■ **What is expected**:
The records are to be repeated exactly, and any images in them are to be dropped.

■ **Given records**:

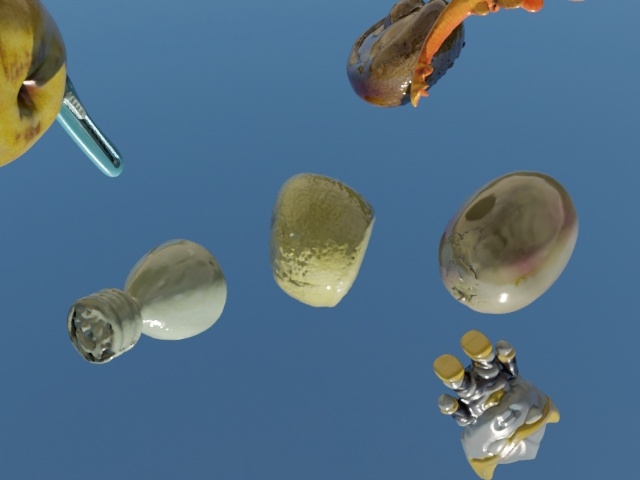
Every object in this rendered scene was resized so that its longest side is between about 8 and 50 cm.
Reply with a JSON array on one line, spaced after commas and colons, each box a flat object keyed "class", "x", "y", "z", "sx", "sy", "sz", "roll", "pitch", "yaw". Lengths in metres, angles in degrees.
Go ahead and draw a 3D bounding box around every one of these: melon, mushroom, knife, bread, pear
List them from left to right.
[{"class": "pear", "x": -0.358, "y": -0.170, "z": 0.740, "sx": 0.209, "sy": 0.208, "sz": 0.208, "roll": 0, "pitch": -133, "yaw": 0}, {"class": "knife", "x": -0.345, "y": -0.174, "z": 1.114, "sx": 0.032, "sy": 0.222, "sz": 0.064, "roll": -3, "pitch": -129, "yaw": 22}, {"class": "bread", "x": -0.011, "y": -0.003, "z": 1.797, "sx": 0.238, "sy": 0.320, "sz": 0.320, "roll": 18, "pitch": -131, "yaw": 2}, {"class": "mushroom", "x": 0.159, "y": -0.353, "z": 1.441, "sx": 0.253, "sy": 0.153, "sz": 0.253, "roll": -39, "pitch": -159, "yaw": 18}, {"class": "melon", "x": 0.347, "y": 0.001, "z": 1.426, "sx": 0.223, "sy": 0.223, "sz": 0.317, "roll": 32, "pitch": -123, "yaw": 26}]

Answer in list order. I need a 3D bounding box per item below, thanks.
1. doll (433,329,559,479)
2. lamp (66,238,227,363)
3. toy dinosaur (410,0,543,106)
[{"class": "doll", "x": 0.252, "y": 0.234, "z": 1.084, "sx": 0.103, "sy": 0.316, "sz": 0.145, "roll": 12, "pitch": -120, "yaw": 42}, {"class": "lamp", "x": -0.170, "y": 0.060, "z": 0.780, "sx": 0.106, "sy": 0.106, "sz": 0.193, "roll": 22, "pitch": -160, "yaw": 20}, {"class": "toy dinosaur", "x": 0.143, "y": -0.215, "z": 0.513, "sx": 0.117, "sy": 0.070, "sz": 0.288, "roll": 16, "pitch": -97, "yaw": 1}]
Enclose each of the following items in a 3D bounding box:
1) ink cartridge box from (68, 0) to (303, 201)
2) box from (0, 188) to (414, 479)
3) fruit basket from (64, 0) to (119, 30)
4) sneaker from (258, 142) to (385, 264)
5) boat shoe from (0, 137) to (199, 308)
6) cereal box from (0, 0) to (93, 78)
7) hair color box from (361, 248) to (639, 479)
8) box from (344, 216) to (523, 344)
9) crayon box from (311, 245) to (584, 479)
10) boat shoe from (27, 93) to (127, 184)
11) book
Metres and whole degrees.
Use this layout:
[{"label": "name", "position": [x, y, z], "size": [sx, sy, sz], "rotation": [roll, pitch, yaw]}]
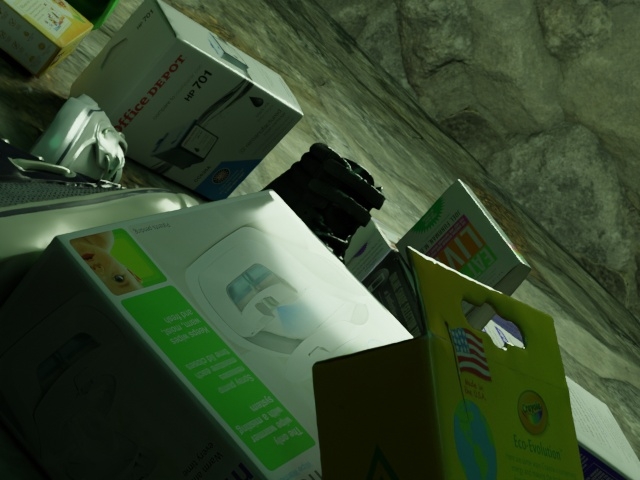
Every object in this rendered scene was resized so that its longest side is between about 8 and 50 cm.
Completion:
[{"label": "ink cartridge box", "position": [-0.135, -0.138, 1.347], "size": [0.191, 0.139, 0.082], "rotation": [26, 24, -46]}, {"label": "box", "position": [-0.054, 0.101, 0.861], "size": [0.231, 0.126, 0.262], "rotation": [47, 25, 15]}, {"label": "fruit basket", "position": [-0.334, -0.426, 1.434], "size": [0.392, 0.283, 0.392], "rotation": [23, 43, -23]}, {"label": "sneaker", "position": [0.000, 0.000, 1.301], "size": [0.105, 0.147, 0.295], "rotation": [37, 17, -28]}, {"label": "boat shoe", "position": [-0.201, -0.027, 0.890], "size": [0.158, 0.127, 0.340], "rotation": [47, 15, 13]}, {"label": "cereal box", "position": [-0.349, -0.270, 1.339], "size": [0.240, 0.047, 0.173], "rotation": [40, 14, -9]}, {"label": "hair color box", "position": [0.180, 0.171, 1.368], "size": [0.339, 0.110, 0.185], "rotation": [38, 16, -23]}, {"label": "box", "position": [0.149, 0.073, 1.529], "size": [0.324, 0.067, 0.063], "rotation": [29, 20, -40]}, {"label": "crayon box", "position": [0.089, 0.182, 0.757], "size": [0.202, 0.081, 0.318], "rotation": [26, 52, -53]}, {"label": "boat shoe", "position": [-0.199, -0.074, 1.115], "size": [0.076, 0.083, 0.226], "rotation": [39, 15, -10]}, {"label": "book", "position": [0.140, 0.017, 1.305], "size": [0.035, 0.096, 0.144], "rotation": [30, 18, -37]}]
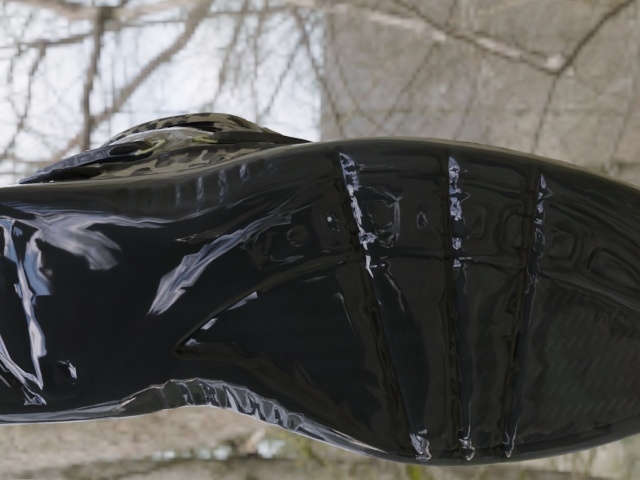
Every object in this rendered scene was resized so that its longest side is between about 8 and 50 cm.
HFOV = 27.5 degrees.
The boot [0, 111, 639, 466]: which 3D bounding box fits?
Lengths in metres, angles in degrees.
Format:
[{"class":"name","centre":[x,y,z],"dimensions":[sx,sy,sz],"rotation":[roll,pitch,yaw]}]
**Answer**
[{"class":"boot","centre":[-0.001,-0.002,0.414],"dimensions":[0.178,0.236,0.085],"rotation":[-53,-38,-74]}]

■ **Result of this task**:
Every object in this rendered scene was resized so that its longest side is between about 8 and 50 cm.
Reply with a JSON array on one line, spaced after commas and colons, each box a flat object keyed "class", "x", "y", "z", "sx", "sy", "sz", "roll", "pitch", "yaw". Lengths in metres, angles in degrees.
Go ahead and draw a 3D bounding box around every one of these: melon, mushroom, knife, bread, pear
List them from left to right.
[{"class": "pear", "x": -0.358, "y": -0.170, "z": 0.740, "sx": 0.209, "sy": 0.208, "sz": 0.208, "roll": 0, "pitch": -133, "yaw": 0}, {"class": "knife", "x": -0.345, "y": -0.174, "z": 1.114, "sx": 0.032, "sy": 0.222, "sz": 0.064, "roll": -3, "pitch": -129, "yaw": 22}, {"class": "bread", "x": -0.011, "y": -0.003, "z": 1.797, "sx": 0.238, "sy": 0.320, "sz": 0.320, "roll": 18, "pitch": -131, "yaw": 2}, {"class": "mushroom", "x": 0.159, "y": -0.353, "z": 1.441, "sx": 0.253, "sy": 0.153, "sz": 0.253, "roll": -39, "pitch": -159, "yaw": 18}, {"class": "melon", "x": 0.347, "y": 0.001, "z": 1.426, "sx": 0.223, "sy": 0.223, "sz": 0.317, "roll": 32, "pitch": -123, "yaw": 26}]

Answer in list order. I need a 3D bounding box per item below, thanks.
1. doll (433,329,559,479)
2. lamp (66,238,227,363)
3. toy dinosaur (410,0,543,106)
[{"class": "doll", "x": 0.252, "y": 0.234, "z": 1.084, "sx": 0.103, "sy": 0.316, "sz": 0.145, "roll": 12, "pitch": -120, "yaw": 42}, {"class": "lamp", "x": -0.170, "y": 0.060, "z": 0.780, "sx": 0.106, "sy": 0.106, "sz": 0.193, "roll": 22, "pitch": -160, "yaw": 20}, {"class": "toy dinosaur", "x": 0.143, "y": -0.215, "z": 0.513, "sx": 0.117, "sy": 0.070, "sz": 0.288, "roll": 16, "pitch": -97, "yaw": 1}]
Enclose each of the following items in a 3D bounding box:
1) ink cartridge box from (68, 0) to (303, 201)
2) box from (0, 188) to (414, 479)
3) fruit basket from (64, 0) to (119, 30)
4) sneaker from (258, 142) to (385, 264)
5) boat shoe from (0, 137) to (199, 308)
6) cereal box from (0, 0) to (93, 78)
7) hair color box from (361, 248) to (639, 479)
8) box from (344, 216) to (523, 344)
9) crayon box from (311, 245) to (584, 479)
10) boat shoe from (27, 93) to (127, 184)
11) book
Metres and whole degrees.
Use this layout:
[{"label": "name", "position": [x, y, z], "size": [sx, sy, sz], "rotation": [roll, pitch, yaw]}]
Every object in this rendered scene was resized so that its longest side is between about 8 and 50 cm.
Completion:
[{"label": "ink cartridge box", "position": [-0.135, -0.138, 1.347], "size": [0.191, 0.139, 0.082], "rotation": [26, 24, -46]}, {"label": "box", "position": [-0.054, 0.101, 0.861], "size": [0.231, 0.126, 0.262], "rotation": [47, 25, 15]}, {"label": "fruit basket", "position": [-0.334, -0.426, 1.434], "size": [0.392, 0.283, 0.392], "rotation": [23, 43, -23]}, {"label": "sneaker", "position": [0.000, 0.000, 1.301], "size": [0.105, 0.147, 0.295], "rotation": [37, 17, -28]}, {"label": "boat shoe", "position": [-0.201, -0.027, 0.890], "size": [0.158, 0.127, 0.340], "rotation": [47, 15, 13]}, {"label": "cereal box", "position": [-0.349, -0.270, 1.339], "size": [0.240, 0.047, 0.173], "rotation": [40, 14, -9]}, {"label": "hair color box", "position": [0.180, 0.171, 1.368], "size": [0.339, 0.110, 0.185], "rotation": [38, 16, -23]}, {"label": "box", "position": [0.149, 0.073, 1.529], "size": [0.324, 0.067, 0.063], "rotation": [29, 20, -40]}, {"label": "crayon box", "position": [0.089, 0.182, 0.757], "size": [0.202, 0.081, 0.318], "rotation": [26, 52, -53]}, {"label": "boat shoe", "position": [-0.199, -0.074, 1.115], "size": [0.076, 0.083, 0.226], "rotation": [39, 15, -10]}, {"label": "book", "position": [0.140, 0.017, 1.305], "size": [0.035, 0.096, 0.144], "rotation": [30, 18, -37]}]
Every object in this rendered scene was resized so that its longest side is between about 8 and 50 cm.
HFOV = 27.5 degrees.
The boot [0, 111, 639, 466]: which 3D bounding box fits?
Lengths in metres, angles in degrees.
Format:
[{"class":"name","centre":[x,y,z],"dimensions":[sx,sy,sz],"rotation":[roll,pitch,yaw]}]
**Answer**
[{"class":"boot","centre":[-0.001,-0.002,0.414],"dimensions":[0.178,0.236,0.085],"rotation":[-53,-38,-74]}]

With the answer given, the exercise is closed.